Records from a data collection:
■ ■ ■ ■ ■ ■ ■
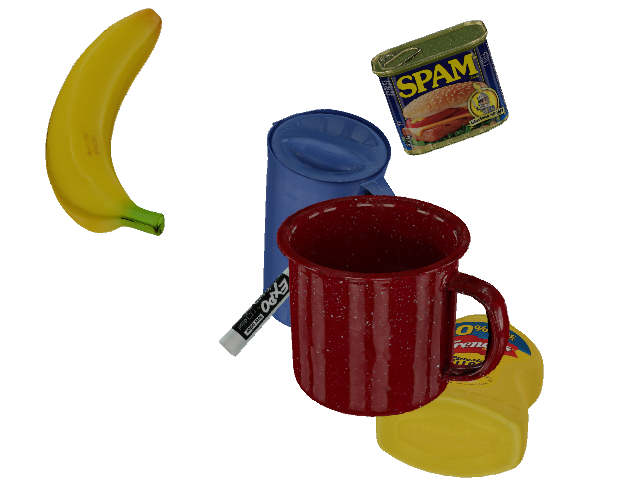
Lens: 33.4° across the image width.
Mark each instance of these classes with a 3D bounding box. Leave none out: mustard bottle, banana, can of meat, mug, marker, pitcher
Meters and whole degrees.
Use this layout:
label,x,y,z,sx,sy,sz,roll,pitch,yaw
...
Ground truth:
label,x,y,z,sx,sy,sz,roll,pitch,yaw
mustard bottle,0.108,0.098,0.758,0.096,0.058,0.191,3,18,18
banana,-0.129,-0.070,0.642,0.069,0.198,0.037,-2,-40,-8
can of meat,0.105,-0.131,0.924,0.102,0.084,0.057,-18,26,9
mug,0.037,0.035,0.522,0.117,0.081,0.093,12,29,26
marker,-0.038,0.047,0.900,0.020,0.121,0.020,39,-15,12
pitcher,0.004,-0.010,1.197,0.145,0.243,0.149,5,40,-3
■ ■ ■ ■ ■ ■ ■
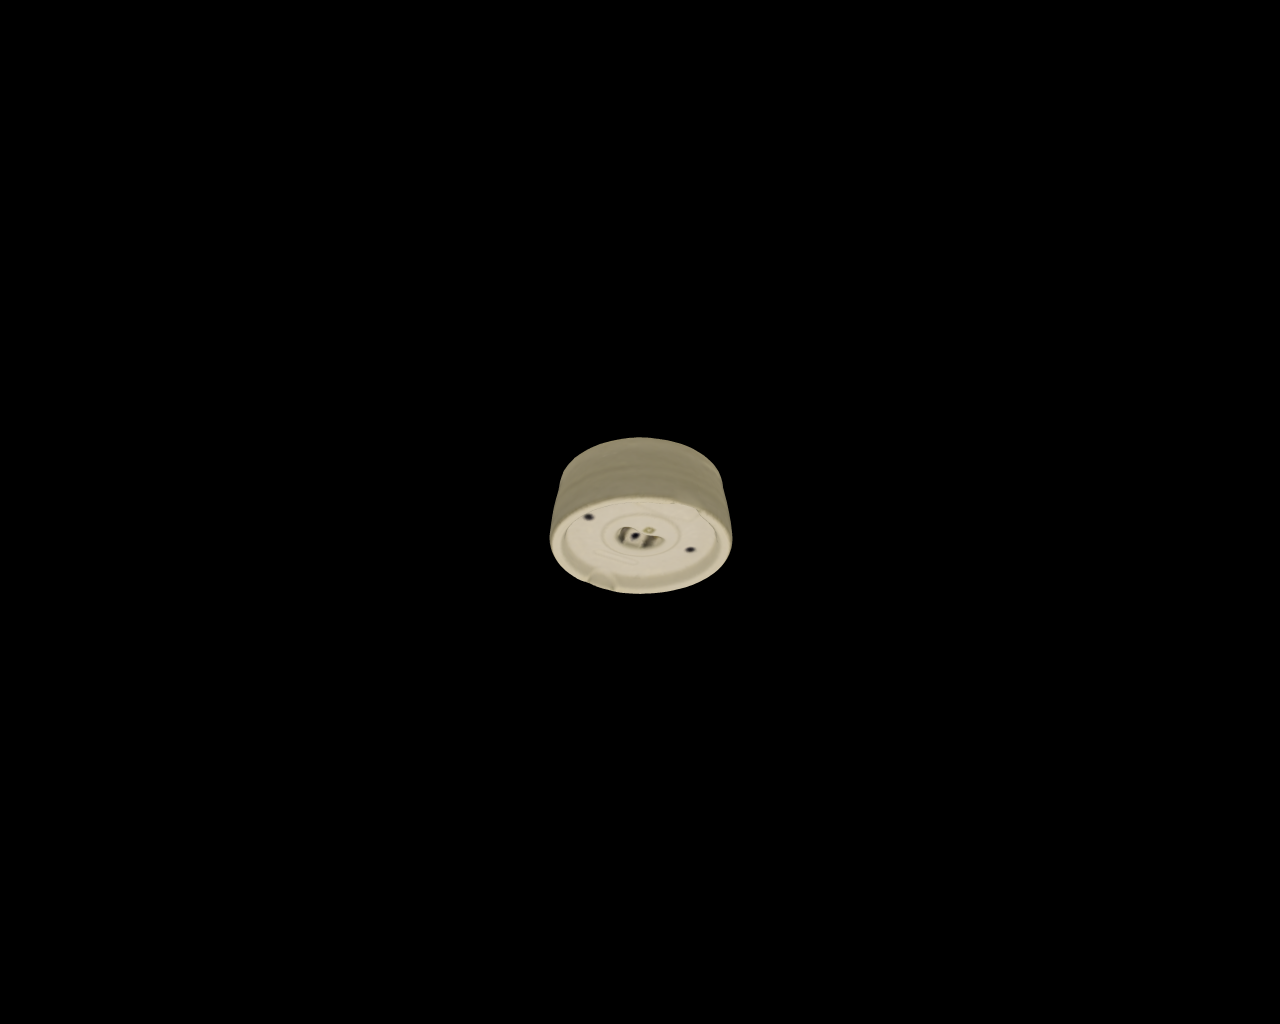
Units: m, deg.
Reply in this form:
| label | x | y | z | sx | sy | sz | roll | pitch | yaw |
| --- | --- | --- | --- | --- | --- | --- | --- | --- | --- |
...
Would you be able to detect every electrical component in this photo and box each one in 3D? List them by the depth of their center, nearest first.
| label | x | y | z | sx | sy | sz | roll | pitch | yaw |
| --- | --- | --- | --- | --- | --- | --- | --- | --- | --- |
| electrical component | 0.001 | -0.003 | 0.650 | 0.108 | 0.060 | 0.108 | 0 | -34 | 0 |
■ ■ ■ ■ ■ ■ ■
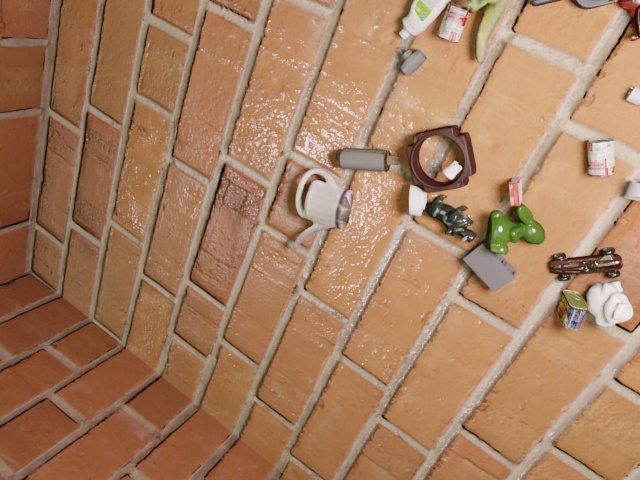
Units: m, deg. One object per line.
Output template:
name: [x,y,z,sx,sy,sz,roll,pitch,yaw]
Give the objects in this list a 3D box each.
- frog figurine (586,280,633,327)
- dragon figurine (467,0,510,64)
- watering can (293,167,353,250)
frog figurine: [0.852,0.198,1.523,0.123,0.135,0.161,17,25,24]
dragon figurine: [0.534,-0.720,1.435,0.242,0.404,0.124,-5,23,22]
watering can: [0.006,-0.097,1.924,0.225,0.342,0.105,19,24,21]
■ ■ ■ ■ ■ ■ ■
[Exercise details] In the entries above, find each line with "Units" and list it.

[The completed task]
Units: m, deg.
Units: m, deg. One object per line.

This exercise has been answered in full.